Tears for Bali bomb victims 10 years on
For all the horror of the nightclub bombings 10 years ago in which 202 were killed, Indonesia has not bowed to the threat of Islamist terror
A decade after bombs killed 202 people when they ripped apart two Bali nightclubs, a special memorial service was filled with reminders of what was lost in the tropical paradise … and what was not.
Tears fell as victims' names were read out, but not far away surfers paddled for world-class waves and holidaymakers haggled for souvenirs.

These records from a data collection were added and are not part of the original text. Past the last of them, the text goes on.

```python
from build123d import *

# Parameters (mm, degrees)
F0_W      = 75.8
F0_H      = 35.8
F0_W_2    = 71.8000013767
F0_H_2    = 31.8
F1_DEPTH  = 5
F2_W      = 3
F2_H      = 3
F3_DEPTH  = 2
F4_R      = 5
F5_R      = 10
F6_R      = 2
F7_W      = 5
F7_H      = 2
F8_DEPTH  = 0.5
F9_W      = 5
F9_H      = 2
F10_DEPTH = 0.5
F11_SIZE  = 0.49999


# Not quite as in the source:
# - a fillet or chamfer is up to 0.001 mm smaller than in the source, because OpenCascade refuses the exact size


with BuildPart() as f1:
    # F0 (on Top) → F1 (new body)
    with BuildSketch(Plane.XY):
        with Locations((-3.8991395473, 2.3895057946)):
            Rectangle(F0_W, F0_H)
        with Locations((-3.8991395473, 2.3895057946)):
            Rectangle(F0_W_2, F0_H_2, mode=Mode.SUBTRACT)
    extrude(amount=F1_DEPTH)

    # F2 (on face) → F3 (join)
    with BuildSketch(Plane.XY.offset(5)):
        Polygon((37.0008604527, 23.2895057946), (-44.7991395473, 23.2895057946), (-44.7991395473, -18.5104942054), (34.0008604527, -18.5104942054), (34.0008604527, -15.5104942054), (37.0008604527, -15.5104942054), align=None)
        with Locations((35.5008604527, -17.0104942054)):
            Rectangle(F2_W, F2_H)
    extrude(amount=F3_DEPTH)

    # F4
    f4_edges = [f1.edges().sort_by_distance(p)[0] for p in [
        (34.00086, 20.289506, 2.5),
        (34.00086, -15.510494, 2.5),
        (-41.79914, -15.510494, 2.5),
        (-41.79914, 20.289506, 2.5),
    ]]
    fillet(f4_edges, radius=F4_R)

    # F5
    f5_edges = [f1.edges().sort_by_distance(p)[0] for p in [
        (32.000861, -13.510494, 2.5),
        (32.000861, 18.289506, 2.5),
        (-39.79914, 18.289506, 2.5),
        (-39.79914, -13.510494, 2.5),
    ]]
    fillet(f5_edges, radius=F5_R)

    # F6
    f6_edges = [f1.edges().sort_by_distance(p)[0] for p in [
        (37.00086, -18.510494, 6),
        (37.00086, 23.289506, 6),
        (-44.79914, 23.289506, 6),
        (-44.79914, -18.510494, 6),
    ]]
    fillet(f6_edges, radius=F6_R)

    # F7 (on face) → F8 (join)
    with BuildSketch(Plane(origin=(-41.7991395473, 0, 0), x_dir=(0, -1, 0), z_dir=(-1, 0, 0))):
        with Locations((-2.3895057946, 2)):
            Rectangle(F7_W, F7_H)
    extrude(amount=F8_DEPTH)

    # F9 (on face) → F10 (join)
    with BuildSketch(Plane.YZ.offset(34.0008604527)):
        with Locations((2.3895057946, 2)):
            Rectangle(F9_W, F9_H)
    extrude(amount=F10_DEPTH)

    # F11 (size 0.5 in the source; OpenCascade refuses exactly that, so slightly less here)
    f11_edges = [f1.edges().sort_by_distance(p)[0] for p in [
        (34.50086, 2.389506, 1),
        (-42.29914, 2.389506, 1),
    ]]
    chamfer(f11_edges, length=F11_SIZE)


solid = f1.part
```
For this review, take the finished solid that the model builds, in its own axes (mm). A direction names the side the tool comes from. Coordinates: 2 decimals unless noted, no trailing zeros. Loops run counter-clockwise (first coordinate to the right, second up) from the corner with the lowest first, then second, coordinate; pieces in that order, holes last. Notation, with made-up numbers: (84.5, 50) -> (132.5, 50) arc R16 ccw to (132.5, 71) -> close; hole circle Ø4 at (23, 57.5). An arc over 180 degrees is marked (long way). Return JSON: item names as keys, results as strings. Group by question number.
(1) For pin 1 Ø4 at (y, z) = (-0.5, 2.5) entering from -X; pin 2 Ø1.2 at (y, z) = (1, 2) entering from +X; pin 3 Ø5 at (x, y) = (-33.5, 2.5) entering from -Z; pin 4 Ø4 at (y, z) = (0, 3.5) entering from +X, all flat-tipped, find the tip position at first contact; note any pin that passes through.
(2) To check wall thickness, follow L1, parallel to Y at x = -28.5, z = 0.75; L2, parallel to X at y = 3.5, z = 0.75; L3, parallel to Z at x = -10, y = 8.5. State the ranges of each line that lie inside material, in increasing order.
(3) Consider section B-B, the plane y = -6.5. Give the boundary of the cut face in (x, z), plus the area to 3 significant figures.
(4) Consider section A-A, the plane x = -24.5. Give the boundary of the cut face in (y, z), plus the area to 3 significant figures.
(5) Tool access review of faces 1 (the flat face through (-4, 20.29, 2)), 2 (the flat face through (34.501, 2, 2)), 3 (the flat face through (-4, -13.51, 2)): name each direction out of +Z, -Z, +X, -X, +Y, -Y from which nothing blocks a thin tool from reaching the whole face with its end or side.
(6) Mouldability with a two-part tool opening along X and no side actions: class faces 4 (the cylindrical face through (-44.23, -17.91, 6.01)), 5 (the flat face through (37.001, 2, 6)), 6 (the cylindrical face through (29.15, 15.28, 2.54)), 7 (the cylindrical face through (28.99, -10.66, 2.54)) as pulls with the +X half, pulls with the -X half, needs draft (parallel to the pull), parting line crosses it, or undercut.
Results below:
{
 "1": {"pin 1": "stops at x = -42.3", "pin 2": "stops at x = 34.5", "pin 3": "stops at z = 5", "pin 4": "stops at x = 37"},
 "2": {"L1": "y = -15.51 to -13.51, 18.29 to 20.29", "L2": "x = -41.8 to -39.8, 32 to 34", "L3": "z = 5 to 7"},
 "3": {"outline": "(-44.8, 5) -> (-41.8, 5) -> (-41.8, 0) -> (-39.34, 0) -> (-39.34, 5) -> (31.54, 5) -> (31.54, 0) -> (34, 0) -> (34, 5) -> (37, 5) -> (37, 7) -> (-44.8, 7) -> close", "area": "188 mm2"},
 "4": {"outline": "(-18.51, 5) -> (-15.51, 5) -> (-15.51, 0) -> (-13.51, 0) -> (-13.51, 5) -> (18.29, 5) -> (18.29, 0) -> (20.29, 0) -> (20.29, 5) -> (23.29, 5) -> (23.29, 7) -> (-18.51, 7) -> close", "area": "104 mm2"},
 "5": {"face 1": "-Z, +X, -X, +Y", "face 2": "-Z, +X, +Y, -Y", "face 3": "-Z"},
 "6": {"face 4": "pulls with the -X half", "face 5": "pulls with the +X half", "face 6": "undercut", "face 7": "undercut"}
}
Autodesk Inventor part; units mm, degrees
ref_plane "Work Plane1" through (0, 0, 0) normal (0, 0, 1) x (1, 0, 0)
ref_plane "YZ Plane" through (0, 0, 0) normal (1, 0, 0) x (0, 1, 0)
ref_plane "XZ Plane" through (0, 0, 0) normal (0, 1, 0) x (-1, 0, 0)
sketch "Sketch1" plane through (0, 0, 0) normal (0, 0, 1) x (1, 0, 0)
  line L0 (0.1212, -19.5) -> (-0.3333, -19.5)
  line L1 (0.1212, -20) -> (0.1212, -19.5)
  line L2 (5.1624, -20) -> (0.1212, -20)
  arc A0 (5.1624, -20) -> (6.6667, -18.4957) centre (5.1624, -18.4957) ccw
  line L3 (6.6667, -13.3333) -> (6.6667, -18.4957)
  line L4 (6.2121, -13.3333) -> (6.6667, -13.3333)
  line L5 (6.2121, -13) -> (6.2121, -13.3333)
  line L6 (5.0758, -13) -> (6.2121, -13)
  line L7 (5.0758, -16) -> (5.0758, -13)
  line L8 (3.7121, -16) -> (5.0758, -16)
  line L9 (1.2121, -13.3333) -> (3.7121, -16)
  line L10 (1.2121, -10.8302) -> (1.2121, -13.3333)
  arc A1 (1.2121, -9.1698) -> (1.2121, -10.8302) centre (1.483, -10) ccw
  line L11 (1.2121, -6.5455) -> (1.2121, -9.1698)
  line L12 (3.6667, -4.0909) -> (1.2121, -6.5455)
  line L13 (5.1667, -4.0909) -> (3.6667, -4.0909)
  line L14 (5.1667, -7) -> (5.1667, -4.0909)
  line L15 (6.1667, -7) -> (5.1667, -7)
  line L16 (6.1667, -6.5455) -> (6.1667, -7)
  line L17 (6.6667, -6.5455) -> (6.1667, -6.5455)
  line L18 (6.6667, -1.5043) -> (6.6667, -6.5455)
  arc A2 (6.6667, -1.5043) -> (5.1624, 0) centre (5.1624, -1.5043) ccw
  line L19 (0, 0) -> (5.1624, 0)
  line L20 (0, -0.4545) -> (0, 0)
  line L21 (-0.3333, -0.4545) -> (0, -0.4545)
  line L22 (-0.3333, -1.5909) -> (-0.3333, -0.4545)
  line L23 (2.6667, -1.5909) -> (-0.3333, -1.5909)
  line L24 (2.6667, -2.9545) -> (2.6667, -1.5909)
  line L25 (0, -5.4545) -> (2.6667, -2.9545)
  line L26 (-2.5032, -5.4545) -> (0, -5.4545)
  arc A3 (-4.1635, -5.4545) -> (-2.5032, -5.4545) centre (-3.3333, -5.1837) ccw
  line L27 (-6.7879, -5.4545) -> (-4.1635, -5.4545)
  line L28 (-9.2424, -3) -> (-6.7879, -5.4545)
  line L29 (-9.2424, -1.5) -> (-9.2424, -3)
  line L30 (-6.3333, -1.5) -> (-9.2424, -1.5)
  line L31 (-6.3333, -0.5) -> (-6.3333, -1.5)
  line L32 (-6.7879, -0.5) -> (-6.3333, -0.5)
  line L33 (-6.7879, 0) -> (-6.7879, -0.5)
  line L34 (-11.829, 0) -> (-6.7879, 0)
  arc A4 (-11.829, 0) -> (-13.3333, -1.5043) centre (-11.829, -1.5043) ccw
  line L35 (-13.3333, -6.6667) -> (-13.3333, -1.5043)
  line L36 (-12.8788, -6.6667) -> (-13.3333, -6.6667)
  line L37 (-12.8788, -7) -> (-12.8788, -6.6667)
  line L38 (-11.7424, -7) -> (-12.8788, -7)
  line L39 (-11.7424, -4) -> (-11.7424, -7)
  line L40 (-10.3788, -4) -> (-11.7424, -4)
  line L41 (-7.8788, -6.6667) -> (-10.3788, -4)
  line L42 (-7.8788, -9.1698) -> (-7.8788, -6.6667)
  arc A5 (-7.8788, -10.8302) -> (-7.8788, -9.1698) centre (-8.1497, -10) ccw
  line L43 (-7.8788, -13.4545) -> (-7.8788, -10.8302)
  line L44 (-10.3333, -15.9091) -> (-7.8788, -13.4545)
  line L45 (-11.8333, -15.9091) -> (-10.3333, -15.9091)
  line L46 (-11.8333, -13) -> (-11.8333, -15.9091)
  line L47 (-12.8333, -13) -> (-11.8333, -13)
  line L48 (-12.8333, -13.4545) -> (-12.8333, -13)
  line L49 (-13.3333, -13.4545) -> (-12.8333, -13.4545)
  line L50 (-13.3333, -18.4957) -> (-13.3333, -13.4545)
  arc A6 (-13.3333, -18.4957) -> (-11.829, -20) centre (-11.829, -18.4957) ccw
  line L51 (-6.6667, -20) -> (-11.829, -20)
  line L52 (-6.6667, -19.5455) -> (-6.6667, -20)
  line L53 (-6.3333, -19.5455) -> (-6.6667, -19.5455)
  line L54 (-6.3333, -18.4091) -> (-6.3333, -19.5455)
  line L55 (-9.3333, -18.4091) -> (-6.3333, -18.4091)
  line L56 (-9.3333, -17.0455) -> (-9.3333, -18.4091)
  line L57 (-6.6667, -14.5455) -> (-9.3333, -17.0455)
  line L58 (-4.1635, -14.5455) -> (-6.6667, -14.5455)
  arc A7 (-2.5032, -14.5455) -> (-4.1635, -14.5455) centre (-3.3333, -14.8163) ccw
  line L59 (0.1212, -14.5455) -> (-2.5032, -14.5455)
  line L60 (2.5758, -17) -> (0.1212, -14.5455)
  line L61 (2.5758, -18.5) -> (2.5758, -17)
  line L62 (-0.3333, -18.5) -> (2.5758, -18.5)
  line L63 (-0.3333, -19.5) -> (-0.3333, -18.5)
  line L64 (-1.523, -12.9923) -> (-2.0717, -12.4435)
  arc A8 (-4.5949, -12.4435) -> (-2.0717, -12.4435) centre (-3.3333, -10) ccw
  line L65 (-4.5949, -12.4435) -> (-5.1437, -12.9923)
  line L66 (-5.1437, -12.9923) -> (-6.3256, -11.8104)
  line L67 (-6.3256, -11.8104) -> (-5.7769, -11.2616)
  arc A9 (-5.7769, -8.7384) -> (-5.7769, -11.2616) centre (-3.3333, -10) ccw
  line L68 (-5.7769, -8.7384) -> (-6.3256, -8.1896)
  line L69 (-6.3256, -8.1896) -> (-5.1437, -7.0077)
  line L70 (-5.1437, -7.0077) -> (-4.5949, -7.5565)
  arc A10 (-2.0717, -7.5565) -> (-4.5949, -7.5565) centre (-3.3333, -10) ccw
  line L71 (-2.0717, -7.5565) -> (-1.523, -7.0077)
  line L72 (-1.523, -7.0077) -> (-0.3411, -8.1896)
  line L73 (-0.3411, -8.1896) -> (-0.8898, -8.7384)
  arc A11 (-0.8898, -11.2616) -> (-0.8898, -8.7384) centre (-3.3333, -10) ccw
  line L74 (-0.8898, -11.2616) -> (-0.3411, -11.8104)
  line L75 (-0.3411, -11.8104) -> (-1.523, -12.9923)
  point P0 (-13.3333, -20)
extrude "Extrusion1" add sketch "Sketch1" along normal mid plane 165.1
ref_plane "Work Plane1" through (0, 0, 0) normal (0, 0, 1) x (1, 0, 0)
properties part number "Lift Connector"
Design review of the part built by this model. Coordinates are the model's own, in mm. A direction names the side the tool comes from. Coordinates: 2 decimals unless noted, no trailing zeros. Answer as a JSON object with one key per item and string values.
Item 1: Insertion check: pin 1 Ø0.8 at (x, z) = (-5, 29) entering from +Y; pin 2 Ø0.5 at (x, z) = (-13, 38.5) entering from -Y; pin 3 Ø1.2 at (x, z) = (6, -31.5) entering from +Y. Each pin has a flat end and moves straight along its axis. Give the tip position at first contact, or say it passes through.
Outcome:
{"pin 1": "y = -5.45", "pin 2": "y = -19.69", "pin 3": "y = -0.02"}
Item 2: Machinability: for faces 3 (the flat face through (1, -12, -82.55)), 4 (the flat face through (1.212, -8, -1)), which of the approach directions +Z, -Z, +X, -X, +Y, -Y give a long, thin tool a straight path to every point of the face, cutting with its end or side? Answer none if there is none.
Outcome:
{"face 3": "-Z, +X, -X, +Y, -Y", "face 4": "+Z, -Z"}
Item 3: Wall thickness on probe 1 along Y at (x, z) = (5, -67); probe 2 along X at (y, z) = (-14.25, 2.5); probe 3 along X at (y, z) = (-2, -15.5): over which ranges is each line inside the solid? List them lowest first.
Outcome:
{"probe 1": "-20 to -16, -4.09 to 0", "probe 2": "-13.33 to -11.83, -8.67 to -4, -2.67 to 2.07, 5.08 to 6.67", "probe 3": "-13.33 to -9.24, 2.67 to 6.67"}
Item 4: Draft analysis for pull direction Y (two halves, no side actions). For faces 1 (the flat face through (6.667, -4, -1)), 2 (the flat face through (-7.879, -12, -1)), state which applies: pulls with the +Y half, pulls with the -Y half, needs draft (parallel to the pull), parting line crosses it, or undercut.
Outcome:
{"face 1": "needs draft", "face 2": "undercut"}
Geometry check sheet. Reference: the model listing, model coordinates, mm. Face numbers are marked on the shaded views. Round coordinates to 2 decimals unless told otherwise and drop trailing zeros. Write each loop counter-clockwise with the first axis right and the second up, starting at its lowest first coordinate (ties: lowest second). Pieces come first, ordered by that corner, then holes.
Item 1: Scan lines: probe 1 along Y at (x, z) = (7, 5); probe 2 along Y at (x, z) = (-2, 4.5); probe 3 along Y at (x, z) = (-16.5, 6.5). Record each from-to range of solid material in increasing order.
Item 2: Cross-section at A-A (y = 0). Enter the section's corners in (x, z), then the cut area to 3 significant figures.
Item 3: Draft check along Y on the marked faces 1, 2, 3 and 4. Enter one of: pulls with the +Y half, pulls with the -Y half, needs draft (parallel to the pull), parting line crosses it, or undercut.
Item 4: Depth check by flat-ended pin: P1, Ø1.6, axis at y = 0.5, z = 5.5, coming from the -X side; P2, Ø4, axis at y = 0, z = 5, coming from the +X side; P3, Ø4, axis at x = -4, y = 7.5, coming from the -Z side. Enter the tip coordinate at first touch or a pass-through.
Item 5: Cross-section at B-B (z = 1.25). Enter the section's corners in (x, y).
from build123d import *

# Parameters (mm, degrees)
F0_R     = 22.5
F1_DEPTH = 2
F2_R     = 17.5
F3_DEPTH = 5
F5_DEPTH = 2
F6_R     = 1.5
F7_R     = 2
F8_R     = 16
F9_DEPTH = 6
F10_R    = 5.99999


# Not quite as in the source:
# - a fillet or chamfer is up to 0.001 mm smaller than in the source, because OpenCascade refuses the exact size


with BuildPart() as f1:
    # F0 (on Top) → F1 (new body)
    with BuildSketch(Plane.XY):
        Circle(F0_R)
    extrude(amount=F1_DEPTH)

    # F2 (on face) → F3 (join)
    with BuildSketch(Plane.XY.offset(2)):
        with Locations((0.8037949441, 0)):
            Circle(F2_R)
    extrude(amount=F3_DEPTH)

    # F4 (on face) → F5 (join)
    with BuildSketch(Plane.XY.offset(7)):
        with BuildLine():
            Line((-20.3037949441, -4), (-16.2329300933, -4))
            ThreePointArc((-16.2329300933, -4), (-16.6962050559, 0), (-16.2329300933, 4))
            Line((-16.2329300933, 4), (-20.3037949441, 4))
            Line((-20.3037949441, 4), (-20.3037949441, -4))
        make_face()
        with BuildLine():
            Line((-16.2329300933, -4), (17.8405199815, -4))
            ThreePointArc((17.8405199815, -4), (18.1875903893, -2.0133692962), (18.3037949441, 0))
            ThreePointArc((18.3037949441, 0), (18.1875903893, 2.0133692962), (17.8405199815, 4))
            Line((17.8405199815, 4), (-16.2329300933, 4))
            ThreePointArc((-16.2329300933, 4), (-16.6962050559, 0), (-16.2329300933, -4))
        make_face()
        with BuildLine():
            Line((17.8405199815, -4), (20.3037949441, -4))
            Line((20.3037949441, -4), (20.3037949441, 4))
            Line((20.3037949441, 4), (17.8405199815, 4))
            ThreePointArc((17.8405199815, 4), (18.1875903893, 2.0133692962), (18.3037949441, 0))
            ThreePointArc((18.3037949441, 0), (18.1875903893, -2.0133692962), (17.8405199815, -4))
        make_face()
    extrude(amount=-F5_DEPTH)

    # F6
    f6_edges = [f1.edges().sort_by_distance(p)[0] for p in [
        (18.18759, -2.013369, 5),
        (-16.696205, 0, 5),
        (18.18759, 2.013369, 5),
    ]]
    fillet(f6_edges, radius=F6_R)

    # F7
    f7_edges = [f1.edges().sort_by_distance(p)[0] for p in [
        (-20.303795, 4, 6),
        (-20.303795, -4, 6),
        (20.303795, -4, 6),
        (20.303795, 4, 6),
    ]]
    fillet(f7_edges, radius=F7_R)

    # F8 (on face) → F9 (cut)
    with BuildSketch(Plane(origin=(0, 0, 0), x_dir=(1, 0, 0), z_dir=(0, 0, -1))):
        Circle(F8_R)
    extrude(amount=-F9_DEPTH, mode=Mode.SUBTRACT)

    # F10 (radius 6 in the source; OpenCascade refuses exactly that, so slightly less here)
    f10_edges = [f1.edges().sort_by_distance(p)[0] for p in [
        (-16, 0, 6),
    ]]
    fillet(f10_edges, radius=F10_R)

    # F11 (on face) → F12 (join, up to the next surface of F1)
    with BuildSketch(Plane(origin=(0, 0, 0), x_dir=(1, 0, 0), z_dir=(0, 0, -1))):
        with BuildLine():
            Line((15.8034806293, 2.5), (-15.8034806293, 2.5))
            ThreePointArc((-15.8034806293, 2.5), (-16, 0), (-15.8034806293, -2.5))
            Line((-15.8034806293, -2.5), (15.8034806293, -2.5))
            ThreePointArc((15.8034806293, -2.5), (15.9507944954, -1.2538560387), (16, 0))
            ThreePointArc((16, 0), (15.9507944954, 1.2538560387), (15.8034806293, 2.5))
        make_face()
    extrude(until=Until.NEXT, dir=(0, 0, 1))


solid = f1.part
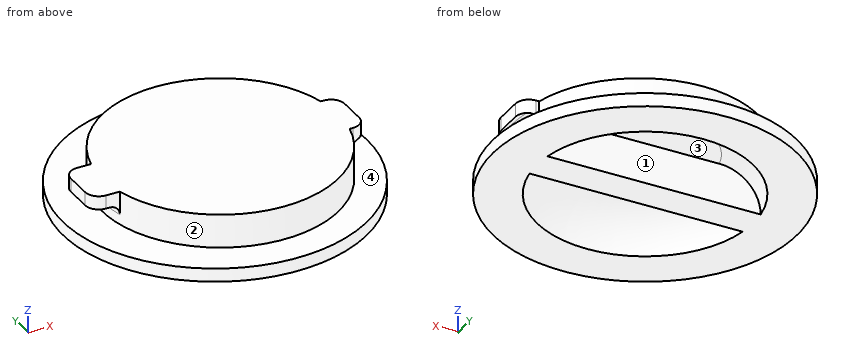
Resolved:
1. probe 1: y = -16.37 to -11.33, -2.5 to 2.5, 11.33 to 16.37
1. probe 2: y = -17.27 to -13.82, -2.5 to 2.5, 13.82 to 17.27
1. probe 3: y = -4 to 4
2. outline: (-22.5, 0) - (22.5, 0) - (22.5, 2) - (18.3, 2) - (18.3, 3.5) arc R1.5 cw to (19.8, 5) - (20.3, 5) - (20.3, 7) - (-20.3, 7) - (-20.3, 5) - (-18.2, 5) arc R1.5 cw to (-16.7, 3.5) - (-16.7, 2) - (-22.5, 2) - close
2. area: 277 mm2
3. face 1: undercut
3. face 2: parting line crosses it
3. face 3: undercut
3. face 4: needs draft
4. P1: stops at x = -20.3
4. P2: stops at x = 20.3
4. P3: stops at z = 5.98
5. outline: circle Ø45 at (0, 0); hole (-15.67, -2.5) arc R15.87 ccw to (15.67, -2.5) - close; hole (-15.67, 2.5) - (15.67, 2.5) arc R15.87 ccw to start

On October 12, 2002, a suicide bomber detonated explosives hidden in his backpack inside Paddy's Pub in Kuta. Twenty seconds later a more powerful car bomb was set off by another suicide bomber outside the Sari Club opposite. Most of the victims were foreign tourists. Eighty-eight were from Australia; 11 were Hong Kong residents.
But radicalism did not take over the moderate Muslim nation, and the visitors who initially stayed away in fear have come flooding back.
Hotel rooms were hard to come by yesterday, even as security alerts were raised to the highest level following a potential unspecific threat.
"There is peace in this island and the knowledge that millions still come here for the same reasons you and your loved ones did," Australian Prime Minister Julia Gillard told victims' loved ones at a memorial service. "And perhaps there is a grim reassurance in knowing that the terrorists did not achieve what they set out to do. They did not undermine Indonesian democracy, which has only grown stronger across the passage of a decade."
Australia suffered more deaths in the attacks than any other country. The Australian government paid for more than 600 survivors and victims' relatives to attend the ceremony. Some gathered for the memorial in shorts and T-shirts, fanning themselves in the blazing morning heat.